In a time when the god-king Freyr (or king Sigtrud) ruled in Sweden, there was a famine. The long peace during Freyr's reign had greatly increased Sweden's population until the lands could no longer support it sufficiently.

The king and the chieftains decided that the population had to be culled by killing all the elderly, sickly and handicapped, and by sacrificing them to Odin. Disa, the daughter of the chieftain Sigsten of Venngarn in Uppland, was upset by this cruel solution. She talked mockingly to the king and chieftains about their wisdom and claimed to have wiser words of advice.

In order to test her wits, Freyr asked her to visit him but she could not do so by foot, by horse, in a wagon, nor in a boat. She could not visit him either dressed or undressed. The time must not be within a year nor within a month, and neither during daytime nor nighttime, and neither when the moon was waxing nor waning. (Compare the story of Kráka, who was issued a similar test by her future husband.)

Disa passed the test by harnessing two young men to a sled. By the sled, she had a billygoat and she had one leg over the goat and the other leg in the sled. For clothes she had a net, and she arrived during full moon at dusk to the king on the third day after Yule, all months had 30 days and the last month was to an end and also the year.

The democide was cancelled, and according to the behest of the new queen Disa, there was a drawing of lots so that a part of the population was to leave Sweden (then restricted to Svealand), for the northern regions that were later called Norrland, where they were to settle and cultivate the land.

Disa's wisdom was so highly valued that many disputes were relegated to her at the Midwinter blót at the Temple at Uppsala, which from this time was called the Disablot and the Disting.

==Disa as a source of inspiration==
The saga has been treated by Johan Celsius in the prose drama Disa (1687), which was an adaptation of Messenius' stage play in verse.

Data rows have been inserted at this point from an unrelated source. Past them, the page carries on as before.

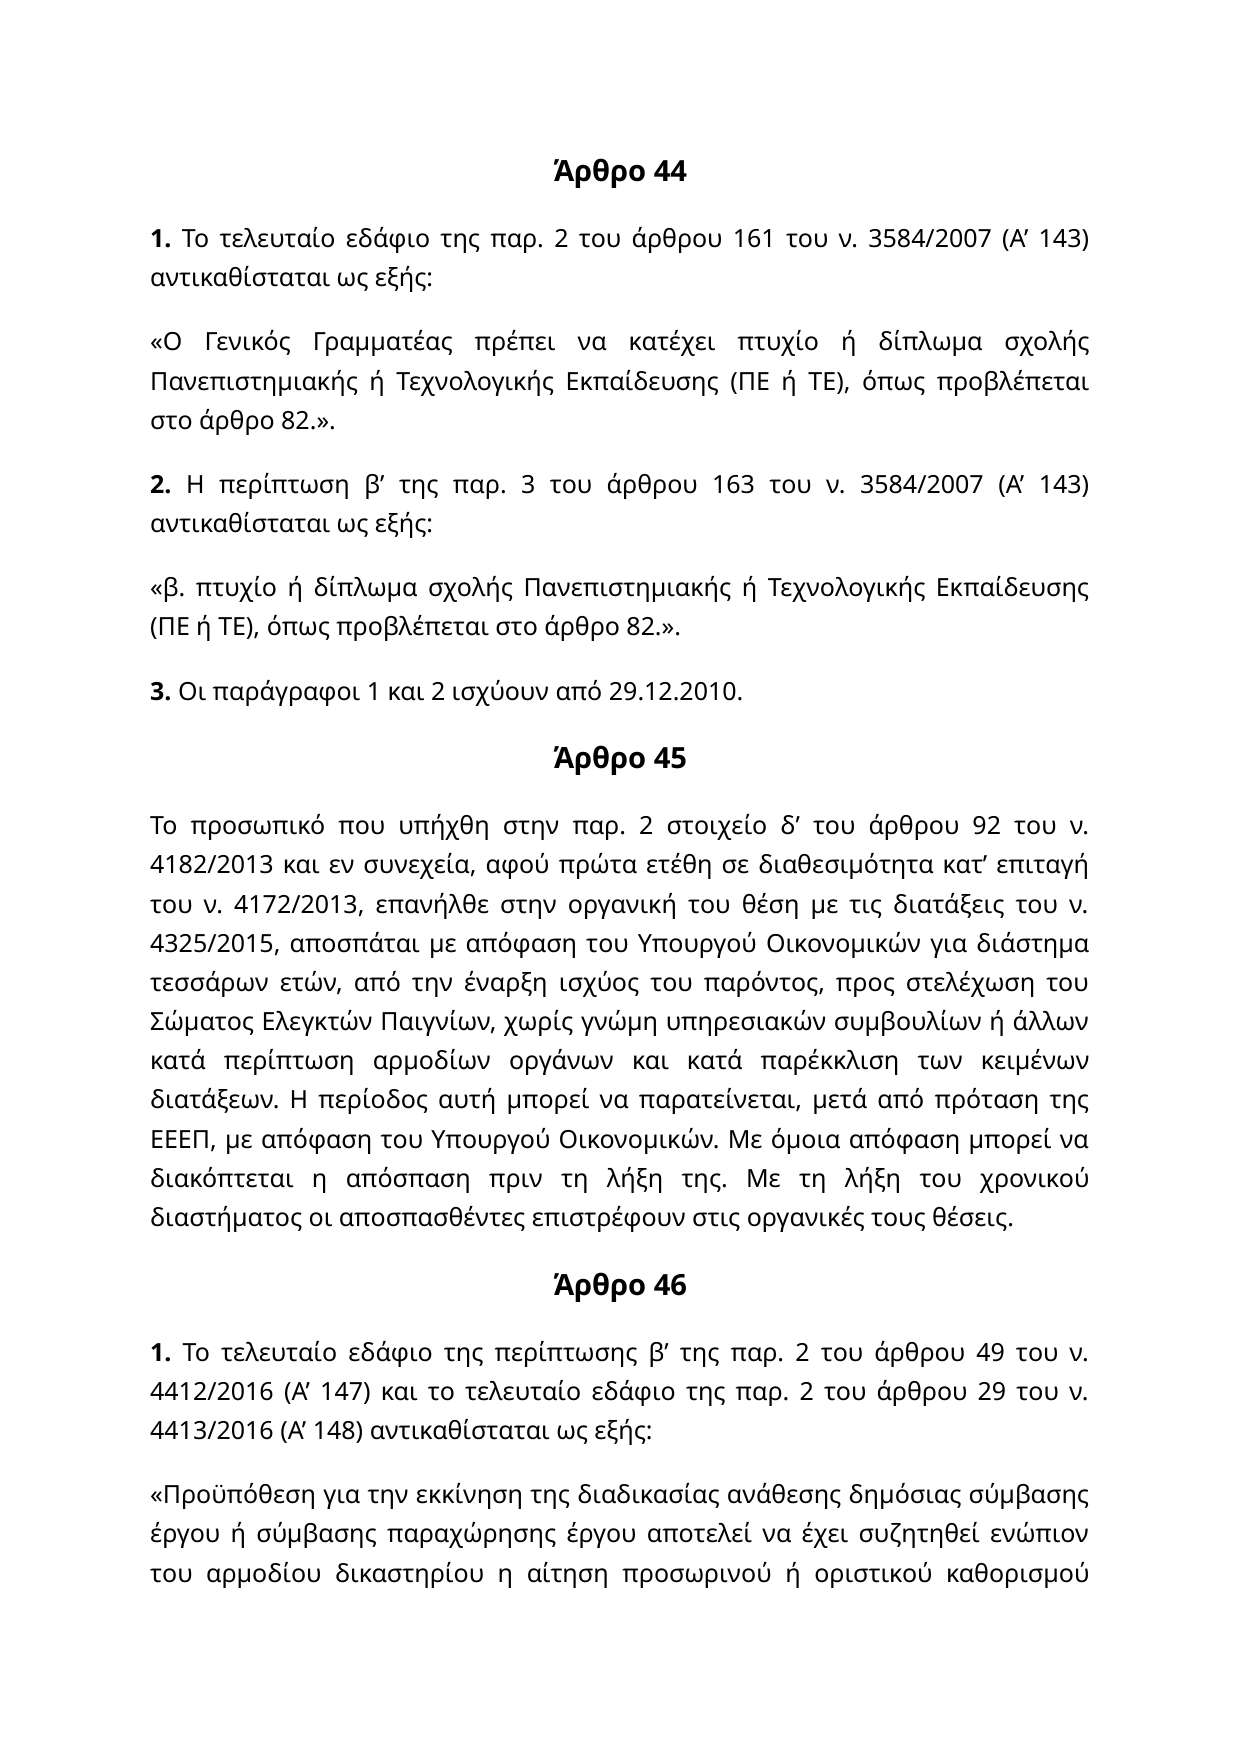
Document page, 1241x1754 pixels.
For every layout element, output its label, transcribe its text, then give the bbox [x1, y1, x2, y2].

subtitle Άρθρο 44 [150, 150, 1090, 190]
subtitle Άρθρο 45 [150, 737, 1090, 777]
subtitle Άρθρο 46 [150, 1264, 1090, 1303]
text «Προϋπόθεση για την εκκίνηση της διαδικασίας ανάθεσης δημόσιας σύμβασης έργου ή σύμβασης παραχώρησης έργου αποτελεί να έχει συζητηθεί ενώπιον του αρμοδίου δικαστηρίου η αίτηση προσωρινού ή οριστικού καθορισμού [150, 1477, 1090, 1589]
text Το προσωπικό που υπήχθη στην παρ. 2 στοιχείο δ’ του άρθρου 92 του ν. 4182/2013 και εν συνεχεία, αφού πρώτα ετέθη σε διαθεσιμότητα κατ’ επιταγή του ν. 4172/2013, επανήλθε στην οργανική του θέση με τις διατάξεις του ν. 4325/2015, αποσπάται με απόφαση του Υπουργού Οικονομικών για διάστημα τεσσάρων ετών, από την έναρξη ισχύος του παρόντος, προς στελέχωση του Σώματος Ελεγκτών Παιγνίων, χωρίς γνώμη υπηρεσιακών συμβουλίων ή άλλων κατά περίπτωση αρμοδίων οργάνων και κατά παρέκκλιση των κειμένων διατάξεων. Η περίοδος αυτή μπορεί να παρατείνεται, μετά από πρόταση της ΕΕΕΠ, με απόφαση του Υπουργού Οικονομικών. Με όμοια απόφαση μπορεί να διακόπτεται η απόσπαση πριν τη λήξη της. Με τη λήξη του χρονικού διαστήματος οι αποσπασθέντες επιστρέφουν στις οργανικές τους θέσεις. [150, 808, 1090, 1234]
text 1. Το τελευταίο εδάφιο της περίπτωσης β’ της παρ. 2 του άρθρου 49 του ν. 4412/2016 (Α’ 147) και το τελευταίο εδάφιο της παρ. 2 του άρθρου 29 του ν. 4413/2016 (Α’ 148) αντικαθίσταται ως εξής: [150, 1334, 1090, 1447]
text «Ο Γενικός Γραμματέας πρέπει να κατέχει πτυχίο ή δίπλωμα σχολής Πανεπιστημιακής ή Τεχνολογικής Εκπαίδευσης (ΠΕ ή ΤΕ), όπως προβλέπεται στο άρθρο 82.». [150, 324, 1090, 436]
text «β. πτυχίο ή δίπλωμα σχολής Πανεπιστημιακής ή Τεχνολογικής Εκπαίδευσης (ΠΕ ή ΤΕ), όπως προβλέπεται στο άρθρο 82.». [150, 570, 1090, 643]
text 1. Το τελευταίο εδάφιο της παρ. 2 του άρθρου 161 του ν. 3584/2007 (A’ 143) αντικαθίσταται ως εξής: [150, 221, 1090, 294]
text 2. Η περίπτωση β’ της παρ. 3 του άρθρου 163 του ν. 3584/2007 (Α’ 143) αντικαθίσταται ως εξής: [150, 466, 1090, 540]
text 3. Οι παράγραφοι 1 και 2 ισχύουν από 29.12.2010. [150, 673, 1090, 707]

Later it was adapted by Johan Gabriel Oxenstierna in the poetic letter Disa (1795), and in the fourth song of the poem Skördarne (1796). In the so-called Disasal on the second floor of Venngarn Castle, there are eight large paintings depicting scenes from Disa's saga. They were previously believed to be works of David Klöcker Ehrenstrahl, but according to August Hahr, they are only the work of artisans based on copies of Ehrenstrahl's compositions, which were published as etchings. One of these etchings was the basis of depictions on tapestry which are partly preserved in the Stockholm Palace and Ulriksdal Palace. Under every painting there are verses providing explanations in Latin and Swedish.

In Pale Fire by Vladimir Nabokov, the last Zemblan King's wife is named Disa, and titled Duchess of Payn.

==Inspiration for name of orchid Genus Disa==
Botanist Peter Jonas Bergius named the Disa genus of orchids in 1767. It has been suggested that the name may have been based on the Disa legend. The dorsal sepal of some Disa orchids have a net-like appearance reminiscent of the fishnet in which Disa appears before King Freyhr.